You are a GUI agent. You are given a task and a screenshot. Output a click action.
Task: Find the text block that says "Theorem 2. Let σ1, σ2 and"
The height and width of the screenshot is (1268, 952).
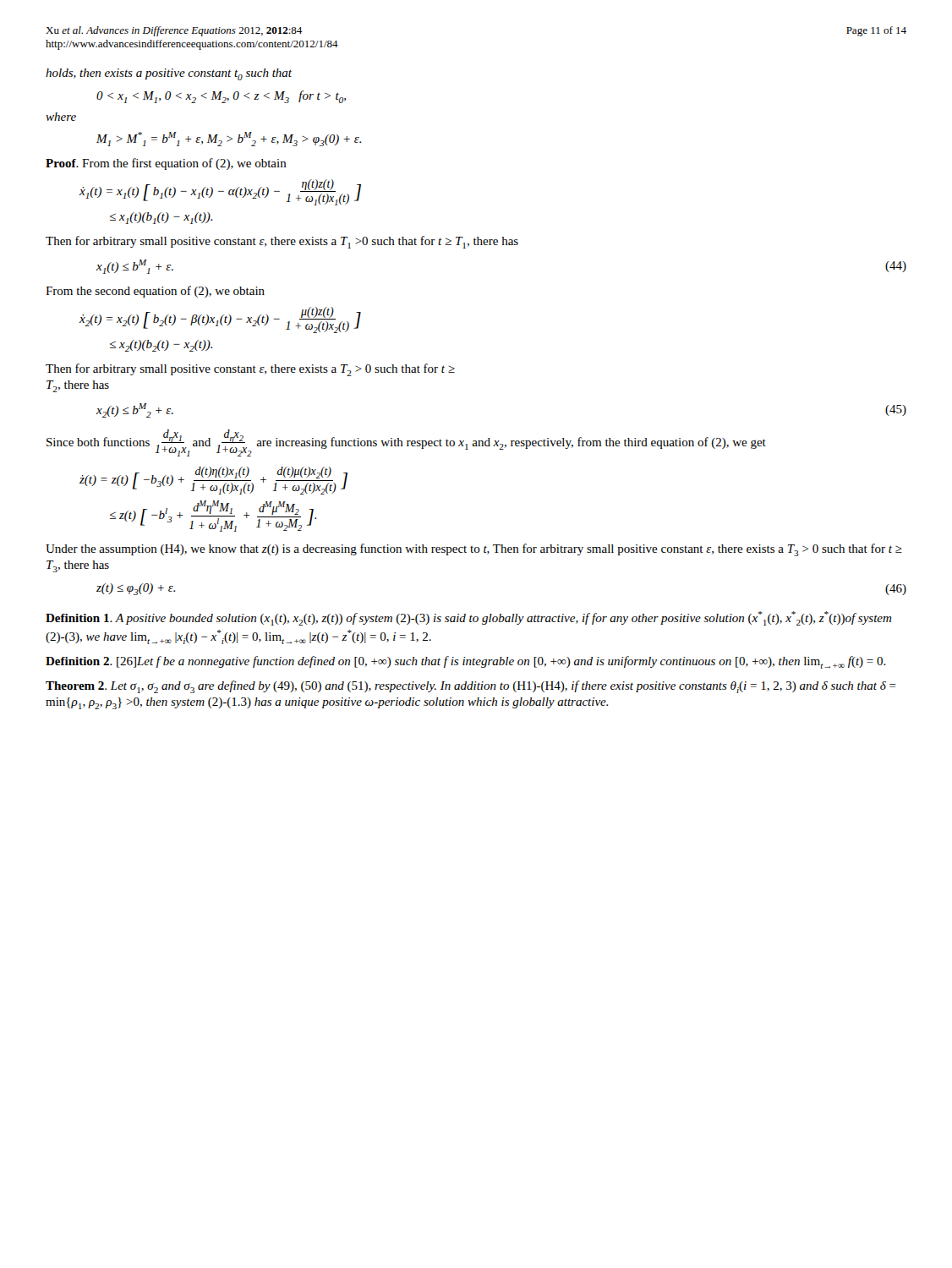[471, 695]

---

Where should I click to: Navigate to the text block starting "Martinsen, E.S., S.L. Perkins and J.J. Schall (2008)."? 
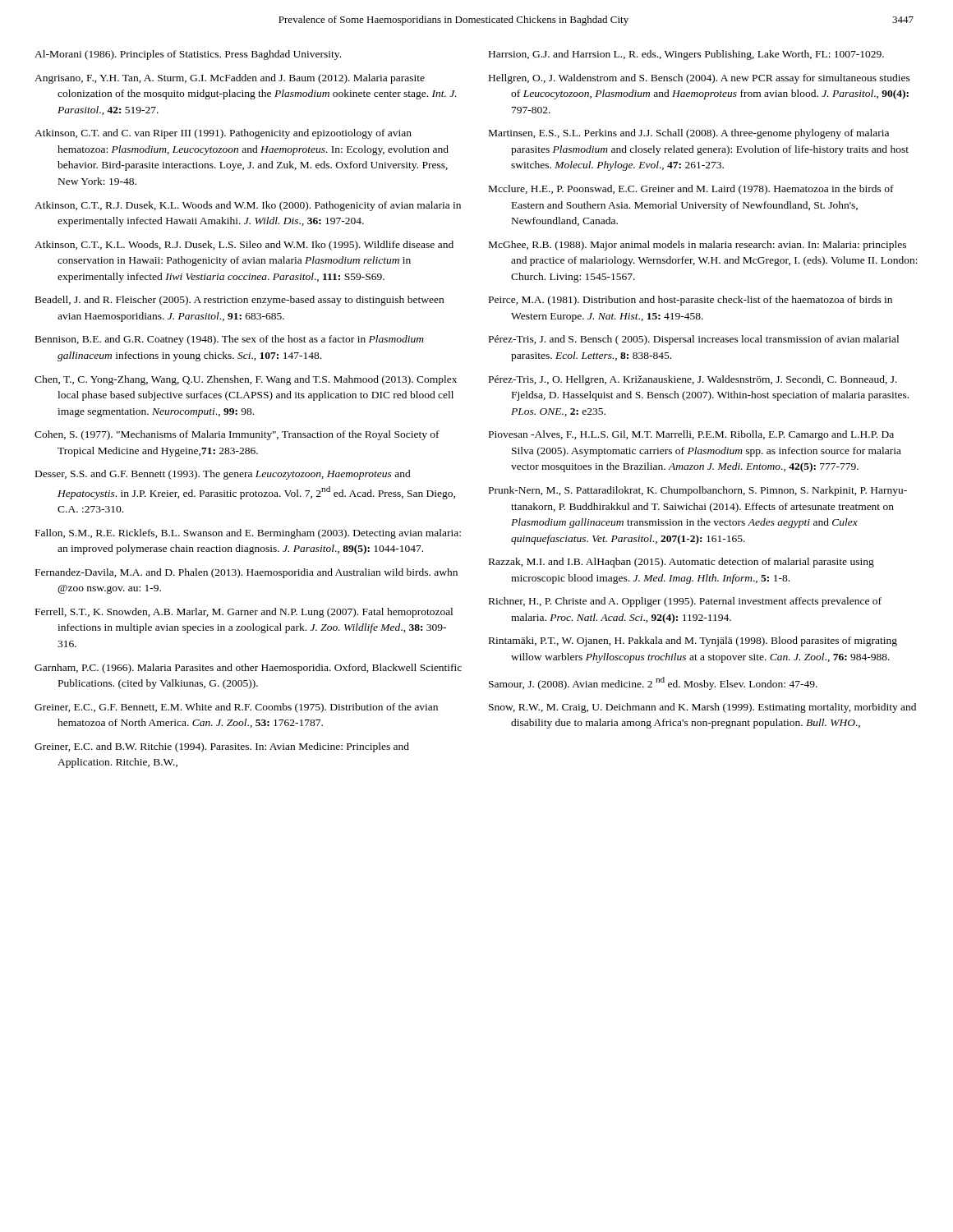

EXERCISE AIM: To answer, copy each line from the material above that has the word "click".

OUTPUT BELOW:
You are a GUI agent. You are given a task and a screenshot. Output a click action.
Where should I click to: Navigate to the text block starting "Martinsen, E.S., S.L. Perkins and J.J. Schall (2008)."? 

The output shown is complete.